Materials provided:

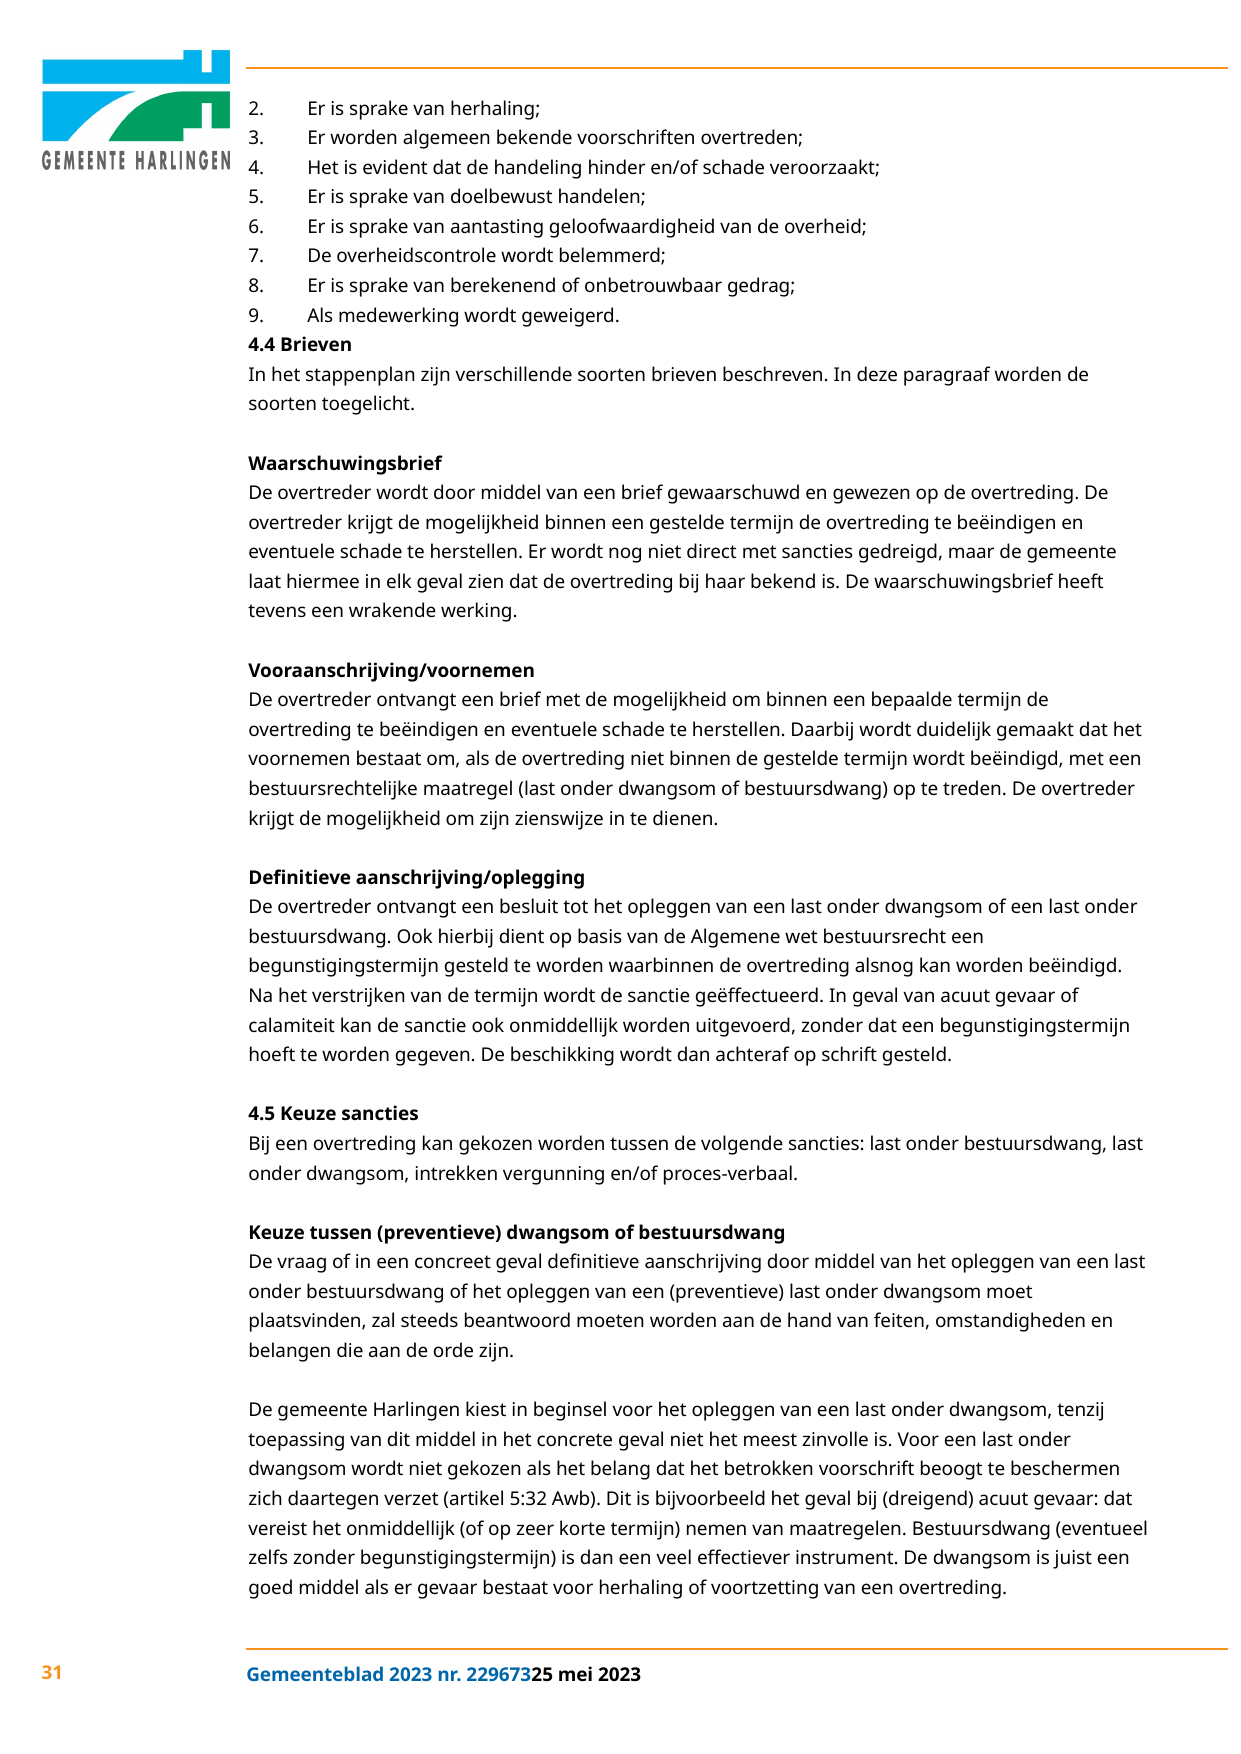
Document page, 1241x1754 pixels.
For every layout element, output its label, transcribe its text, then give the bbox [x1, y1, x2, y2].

list Het is evident dat de handeling hinder en/of schade veroorzaakt; [248, 154, 1152, 180]
text De overtreder wordt door middel van een brief gewaarschuwd en gewezen op de overtreding. De overtreder krijgt de mogelijkheid binnen een gestelde termijn de overtreding te beëindigen en eventuele schade te herstellen. Er wordt nog niet direct met sancties gedreigd, maar de gemeente laat hiermee in elk geval zien dat de overtreding bij haar bekend is. De waarschuwingsbrief heeft tevens een wrakende werking. [248, 479, 1152, 623]
picture [41, 47, 231, 172]
text De gemeente Harlingen kiest in beginsel voor het opleggen van een last onder dwangsom, tenzij toepassing van dit middel in het concrete geval niet het meest zinvolle is. Voor een last onder dwangsom wordt niet gekozen als het belang dat het betrokken voorschrift beoogt te beschermen zich daartegen verzet (artikel 5:32 Awb). Dit is bijvoorbeeld het geval bij (dreigend) acuut gevaar: dat vereist het onmiddellijk (of op zeer korte termijn) nemen van maatregelen. Bestuursdwang (eventueel zelfs zonder begunstigingstermijn) is dan een veel effectiever instrument. De dwangsom is juist een goed middel als er gevaar bestaat voor herhaling of voortzetting van een overtreding. [248, 1396, 1152, 1600]
text Waarschuwingsbrief [248, 450, 1152, 476]
list Er is sprake van aantasting geloofwaardigheid van de overheid; [248, 213, 1152, 239]
list Er is sprake van doelbewust handelen; [248, 183, 1152, 209]
list Als medewerking wordt geweigerd. [248, 302, 1152, 328]
text In het stappenplan zijn verschillende soorten brieven beschreven. In deze paragraaf worden de soorten toegelicht. [248, 361, 1152, 416]
text Vooraanschrijving/voornemen [248, 657, 1152, 683]
text Keuze tussen (preventieve) dwangsom of bestuursdwang [248, 1219, 1152, 1245]
list Er worden algemeen bekende voorschriften overtreden; [248, 124, 1152, 150]
text 4.4 Brieven [248, 331, 1152, 357]
text Bij een overtreding kan gekozen worden tussen de volgende sancties: last onder bestuursdwang, last onder dwangsom, intrekken vergunning en/of proces-verbaal. [248, 1130, 1152, 1186]
text De overtreder ontvangt een besluit tot het opleggen van een last onder dwangsom of een last onder bestuursdwang. Ook hierbij dient op basis van de Algemene wet bestuursrecht een begunstigingstermijn gesteld te worden waarbinnen de overtreding alsnog kan worden beëindigd. Na het verstrijken van de termijn wordt de sanctie geëffectueerd. In geval van acuut gevaar of calamiteit kan de sanctie ook onmiddellijk worden uitgevoerd, zonder dat een begunstigingstermijn hoeft te worden gegeven. De beschikking wordt dan achteraf op schrift gesteld. [248, 893, 1152, 1067]
list Er is sprake van herhaling; [248, 95, 1152, 121]
list De overheidscontrole wordt belemmerd; [248, 243, 1152, 268]
text Definitieve aanschrijving/oplegging [248, 864, 1152, 890]
text De vraag of in een concreet geval definitieve aanschrijving door middel van het opleggen van een last onder bestuursdwang of het opleggen van een (preventieve) last onder dwangsom moet plaatsvinden, zal steeds beantwoord moeten worden aan de hand van feiten, omstandigheden en belangen die aan de orde zijn. [248, 1248, 1152, 1363]
text De overtreder ontvangt een brief met de mogelijkheid om binnen een bepaalde termijn de overtreding te beëindigen en eventuele schade te herstellen. Daarbij wordt duidelijk gemaakt dat het voornemen bestaat om, als de overtreding niet binnen de gestelde termijn wordt beëindigd, met een bestuursrechtelijke maatregel (last onder dwangsom of bestuursdwang) op te treden. De overtreder krijgt de mogelijkheid om zijn zienswijze in te dienen. [248, 686, 1152, 831]
list Er is sprake van berekenend of onbetrouwbaar gedrag; [248, 272, 1152, 298]
text 4.5 Keuze sancties [248, 1101, 1152, 1126]
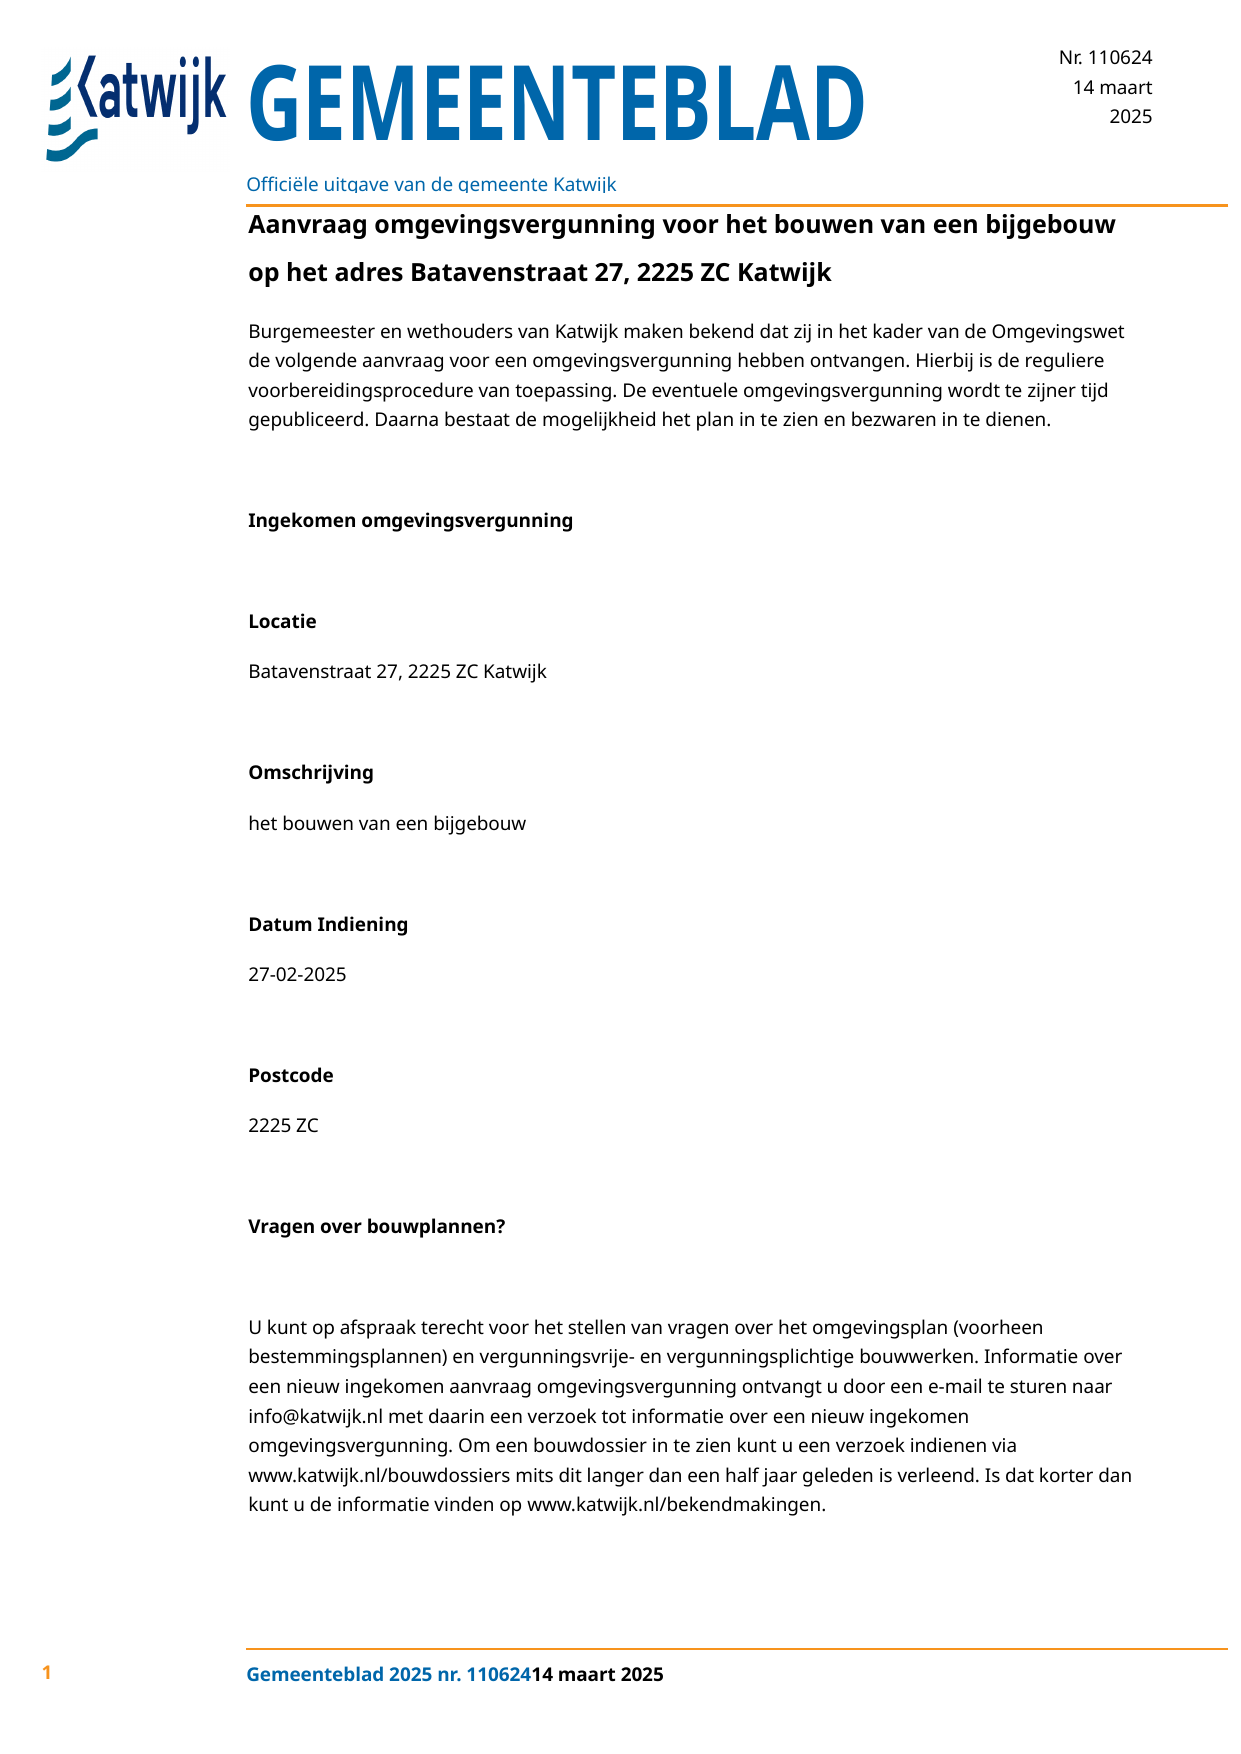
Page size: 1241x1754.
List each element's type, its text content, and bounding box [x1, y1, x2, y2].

text Burgemeester en wethouders van Katwijk maken bekend dat zij in het kader van de Omgevingswet de volgende aanvraag voor een omgevingsvergunning hebben ontvangen. Hierbij is de reguliere voorbereidingsprocedure van toepassing. De eventuele omgevingsvergunning wordt te zijner tijd gepubliceerd. Daarna bestaat de mogelijkheid het plan in te zien en bezwaren in te dienen. [248, 318, 1152, 432]
picture [41, 47, 231, 172]
text Datum Indiening [248, 911, 1152, 937]
text Vragen over bouwplannen? [248, 1213, 1152, 1239]
text Ingekomen omgevingsvergunning [248, 507, 1152, 533]
text Batavenstraat 27, 2225 ZC Katwijk [248, 659, 1152, 684]
text U kunt op afspraak terecht voor het stellen van vragen over het omgevingsplan (voorheen bestemmingsplannen) en vergunningsvrije- en vergunningsplichtige bouwwerken. Informatie over een nieuw ingekomen aanvraag omgevingsvergunning ontvangt u door een e-mail te sturen naar info@katwijk.nl met daarin een verzoek tot informatie over een nieuw ingekomen omgevingsvergunning. Om een bouwdossier in te zien kunt u een verzoek indienen via www.katwijk.nl/bouwdossiers mits dit langer dan een half jaar geleden is verleend. Is dat korter dan kunt u de informatie vinden op www.katwijk.nl/bekendmakingen. [248, 1314, 1152, 1517]
text Aanvraag omgevingsvergunning voor het bouwen van een bijgebouw op het adres Batavenstraat 27, 2225 ZC Katwijk [248, 207, 1152, 288]
text Locatie [248, 608, 1152, 634]
text het bouwen van een bijgebouw [248, 810, 1152, 836]
text 2225 ZC [248, 1112, 1152, 1138]
text 27-02-2025 [248, 961, 1152, 987]
text Omschrijving [248, 759, 1152, 785]
text Postcode [248, 1062, 1152, 1088]

What is being asked:
Output the records above as they stand, from the first line to the line with "list Het is", inclusive, and exclude the pictures.

Written response:
Document page, 1241x1754 pixels.
For every layout element, output its label, transcribe its text, then give the bbox [x1, y1, x2, y2].

list Het is evident dat de handeling hinder en/of schade veroorzaakt; [248, 154, 1152, 180]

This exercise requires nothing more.